Have you ever wondered how penile erection works but never dared to ask? Well, imagine a dry sponge in a condom. Now pour water on the sponge (that’s the blood flowing in). There you have it.
This penis “sponge” is scientifically termed corpora cavernosa. Erections depend on the influx and trapping of blood. Smooth muscle cells regulate the blood flow into the sponge and its subsequent firmness. In a recent study, my colleague and I delved into the role of penile fibroblasts, the most abundant cells in the human penis, about which little was previously known.
We discovered that penile fibroblasts help smooth muscle cells to relax. Using a technique to render cells light-sensitive enabled us to activate fibroblasts by shining blue light from outside onto the penises of mice.
We found that light-induced activation of fibroblasts relaxed smooth muscle cells and increased blood flow. The effectiveness of this relaxation-support depends on the number of fibroblasts. More fibroblasts led to easier relaxation and increased blood flow.
We also learned that the number of fibroblasts is not static and identified the signalling molecules regulating the number of fibroblasts in the penis. By deleting or over-expressing the relevant molecules, we could increase or decrease the number of fibroblasts and in response see the corresponding changes in penile blood flow.
But we quickly learned that too many fibroblasts has negative consequences. Mice with very high numbers of penile fibroblasts showed erections that lasted for several hours. In men, this corresponds to a painful pathological condition termed priapism, which demands a visit to the hospital.
Can penile erection be trained? In humans, much of the “erectile training” occurs naturally during sleep, with men experiencing three to five erections a night, known as “nocturnal penile tumescence”.
To test the importance of training, we artificially changed the frequency of erections in mice by targeting the brain region responsible for initiating an erection. This technique allowed us to turn erections on and off by simply administrating a designer drug that specifically activated the responsible nerve cells in the mouse brain.
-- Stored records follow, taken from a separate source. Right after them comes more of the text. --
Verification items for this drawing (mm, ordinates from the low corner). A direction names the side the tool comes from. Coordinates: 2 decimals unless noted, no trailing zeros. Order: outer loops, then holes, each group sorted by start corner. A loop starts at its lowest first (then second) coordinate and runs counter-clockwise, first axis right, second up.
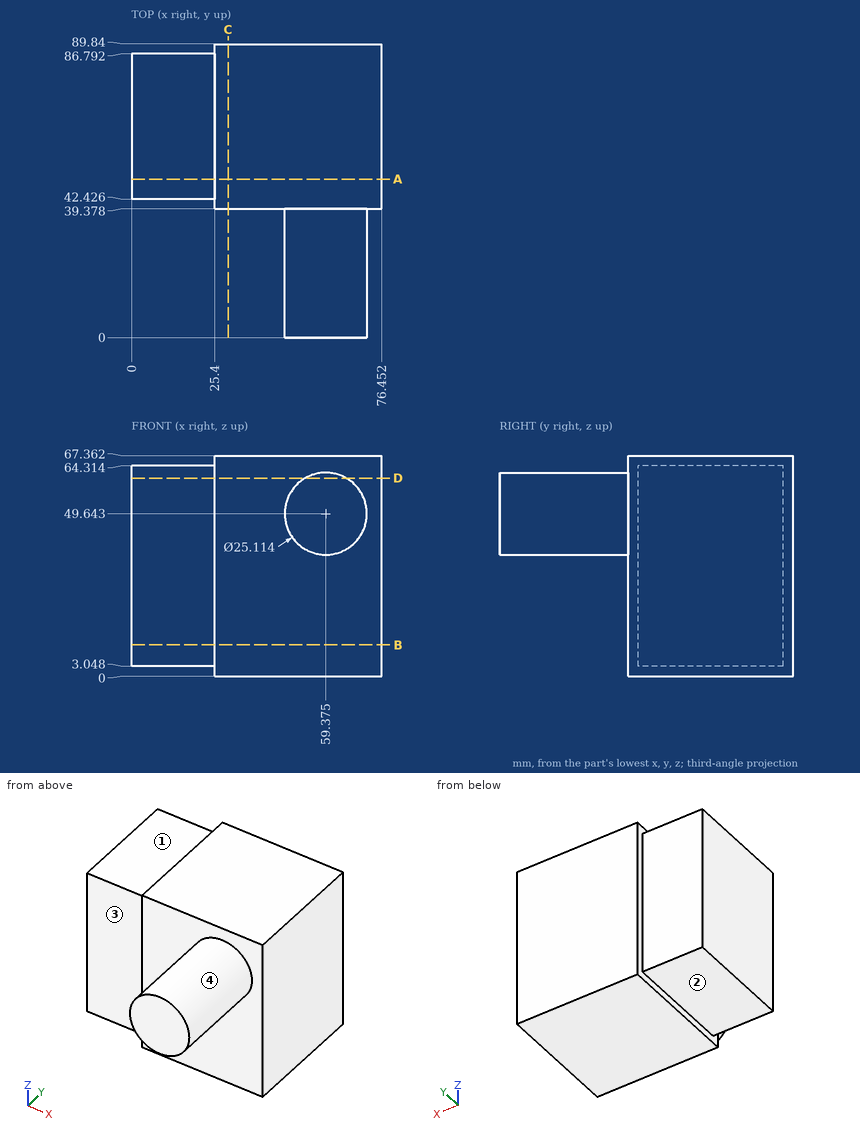
(1) Go/stop test with flat-tipped pins: P1, Ø8, axis at x = 42, y = 73, coming from the -Z side; P2, Ø7.5, axis at x = 12, z = 30, coming from the +Y side; P3, Ø3, axis at x = 38.5, z = 21.5, coming from the -Y side; P4, Ø7.5, axis at x = 14, z = 49, coming from the -Y side. Record where each tip stops, or that it passes through.
Filled in:
P1: stops at z = 0
P2: stops at y = 86.79
P3: stops at y = 39.38
P4: stops at y = 42.43
(2) Cross-section at D-D (z = 60.5). Enter the section's corners in (x, y) (1 decimal), and give its area (3 significant figures).
Filled in:
outline: (0, 42.4) - (25.4, 42.4) - (25.4, 39.4) - (53.1, 39.4) - (53.1, 0) - (65.7, 0) - (65.7, 39.4) - (76.5, 39.4) - (76.5, 89.8) - (25.4, 89.8) - (25.4, 86.8) - (0, 86.8) - close
area: 4,200 mm2
(3) Cross-section at A-A (y = 48.5). Enter the section's corners in (x, z).
Filled in:
outline: (0, 3.05) - (25.4, 3.05) - (25.4, 0) - (76.45, 0) - (76.45, 67.36) - (25.4, 67.36) - (25.4, 64.31) - (0, 64.31) - close
(4) Cross-section at C-C (x = 29.5). Enter the section's corners in (y, z), and give its area (3 significant figures).
Filled in:
outline: (39.38, 0) - (89.84, 0) - (89.84, 67.36) - (39.38, 67.36) - close
area: 3,400 mm2
(5) Thickness scan on probe 1 along Y at (x, z) = (68, 13.5); probe 2 along Y at (x, z) = (15.5, 43.5) (1 decimal); probe 3 along Z at (x, y) = (18.5, 82.5). Record the ranges inside material, lowest first.
Filled in:
probe 1: y = 39.38 to 89.84
probe 2: y = 42.4 to 86.8
probe 3: z = 3.05 to 64.31
(6) Cross-section at B-B (z = 9.5). Enter the section's corners in (x, y) (1 decimal).
Filled in:
outline: (0, 42.4) - (25.4, 42.4) - (25.4, 39.4) - (76.5, 39.4) - (76.5, 89.8) - (25.4, 89.8) - (25.4, 86.8) - (0, 86.8) - close
(7) Tool access check on the marked faces 1, 2, 3 and 4. Record the directions out of +Z, -Z, +X, -X, +Y, -Y that give a thin tool (end or side, any length) a straight path to the whole face; none if there is none.
Filled in:
face 1: +Z, -X, +Y, -Y
face 2: -Z, -X, +Y, -Y
face 3: +Z, -Z, -X, -Y
face 4: -Y
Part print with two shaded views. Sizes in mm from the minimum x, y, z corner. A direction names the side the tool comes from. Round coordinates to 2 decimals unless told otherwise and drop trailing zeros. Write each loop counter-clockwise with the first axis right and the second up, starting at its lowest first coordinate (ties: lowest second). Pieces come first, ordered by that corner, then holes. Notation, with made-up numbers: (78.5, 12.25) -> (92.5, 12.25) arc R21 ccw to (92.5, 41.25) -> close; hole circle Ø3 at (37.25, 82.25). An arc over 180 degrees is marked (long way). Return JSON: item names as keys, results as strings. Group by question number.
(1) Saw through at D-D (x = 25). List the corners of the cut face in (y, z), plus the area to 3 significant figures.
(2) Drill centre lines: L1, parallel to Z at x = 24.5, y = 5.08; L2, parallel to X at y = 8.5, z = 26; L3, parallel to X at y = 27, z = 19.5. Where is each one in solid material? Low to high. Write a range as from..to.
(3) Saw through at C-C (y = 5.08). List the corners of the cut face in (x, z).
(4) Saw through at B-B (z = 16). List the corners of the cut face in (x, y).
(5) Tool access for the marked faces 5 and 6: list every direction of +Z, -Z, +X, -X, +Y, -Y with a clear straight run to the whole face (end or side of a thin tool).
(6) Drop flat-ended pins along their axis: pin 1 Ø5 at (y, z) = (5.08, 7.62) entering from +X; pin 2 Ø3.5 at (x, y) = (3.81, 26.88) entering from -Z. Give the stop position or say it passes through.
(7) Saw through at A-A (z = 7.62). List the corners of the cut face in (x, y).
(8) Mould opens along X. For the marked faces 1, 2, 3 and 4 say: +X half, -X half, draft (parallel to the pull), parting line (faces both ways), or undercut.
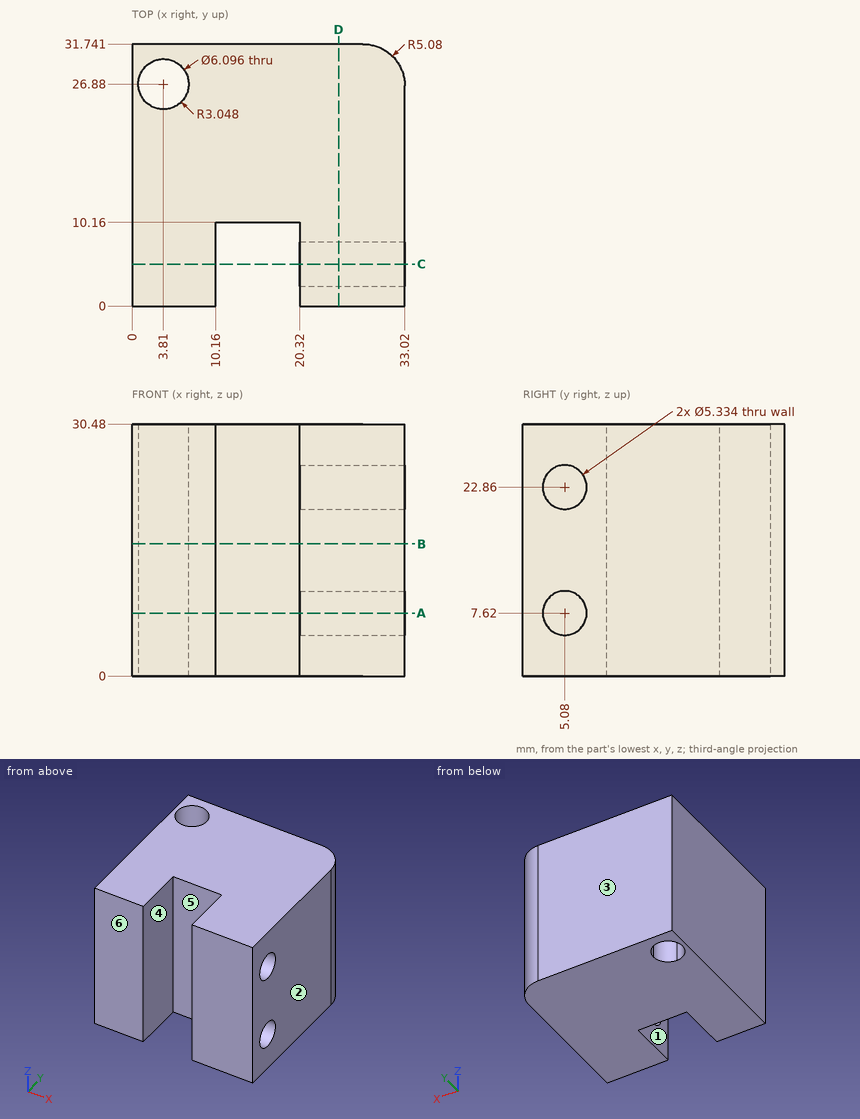
Computed values:
{
 "1": {"outline": "(0, 0) -> (31.74, 0) -> (31.74, 30.48) -> (0, 30.48) -> close; hole circle Ø5.33 at (5.08, 7.62); hole circle Ø5.33 at (5.08, 22.86)", "area": "923 mm2"},
 "2": {"L1": "0..4.95, 10.29..20.19, 25.53..30.48", "L2": "0..10.16, 20.32..33.02", "L3": "0..0.76, 6.86..33.01"},
 "3": {"outline": "(0, 0) -> (10.16, 0) -> (10.16, 30.48) -> (0, 30.48) -> close; (20.32, 0) -> (33.02, 0) -> (33.02, 4.95) -> (20.32, 4.95) -> close; (20.32, 10.29) -> (33.02, 10.29) -> (33.02, 20.19) -> (20.32, 20.19) -> close; (20.32, 25.53) -> (33.02, 25.53) -> (33.02, 30.48) -> (20.32, 30.48) -> close"},
 "4": {"outline": "(0, 0) -> (10.16, 0) -> (10.16, 10.16) -> (20.32, 10.16) -> (20.32, 0) -> (33.02, 0) -> (33.02, 26.66) arc R5.08 ccw to (27.94, 31.74) -> (0, 31.74) -> close; hole (3.81, 23.83) arc R3.05 ccw to (6.86, 26.88) arc R3.05 ccw (long way) to start"},
 "5": {"face 5": "+Z, -Z, -Y", "face 6": "+Z, -Z, +X, -X, -Y"},
 "6": {"pin 1": "x = 10.16", "pin 2": "through"},
 "7": {"outline": "(0, 0) -> (10.16, 0) -> (10.16, 10.16) -> (20.32, 10.16) -> (20.32, 7.75) -> (33.02, 7.75) -> (33.02, 26.66) arc R5.08 ccw to (27.94, 31.74) -> (0, 31.74) -> close; (20.32, 0) -> (33.02, 0) -> (33.02, 2.41) -> (20.32, 2.41) -> close; hole (3.81, 23.83) arc R3.05 ccw to (6.86, 26.88) arc R3.05 ccw (long way) to start"},
 "8": {"face 1": "undercut", "face 2": "+X half", "face 3": "draft", "face 4": "undercut"}
}

More fibroblasts, more blood flow
Surprisingly, we found that the number of penile fibroblasts changed in relation to the frequency of erections. The more frequent the erections, the more fibroblasts were present and the better the blood flow. This implies that it becomes easier to initiate and maintain an erection with increased erection frequency.
It is known that the unconscious “training” during sleep declines with increasing age. Ageing is one of the major risk factors for erectile dysfunction in men.
Studying penises of aged mice, we found that they possessed a lower number of fibroblasts compared with young mice. When reducing the number of recurrent erections in young animals for a longer time, we found a decrease in the number of fibroblasts and lower penile blood flow.
One interpretation could be that reduced training negatively affects the number of fibroblasts and consequently, it becomes less efficient to initiate an erection.
While the spontaneous occurrence of erections during sleep is certainly convenient, our study does not suggest any differences between involuntary and actively evoked erections regarding the number of penile fibroblasts. So, an age-related decline of nocturnal penile tumescence could be a potential target for future treatment of erectile dysfunction or compensated for by actively achieving an erection.
Our research unveils a mechanism for controlling penile erections, opening the door for further exploration to understand and improve sexual health.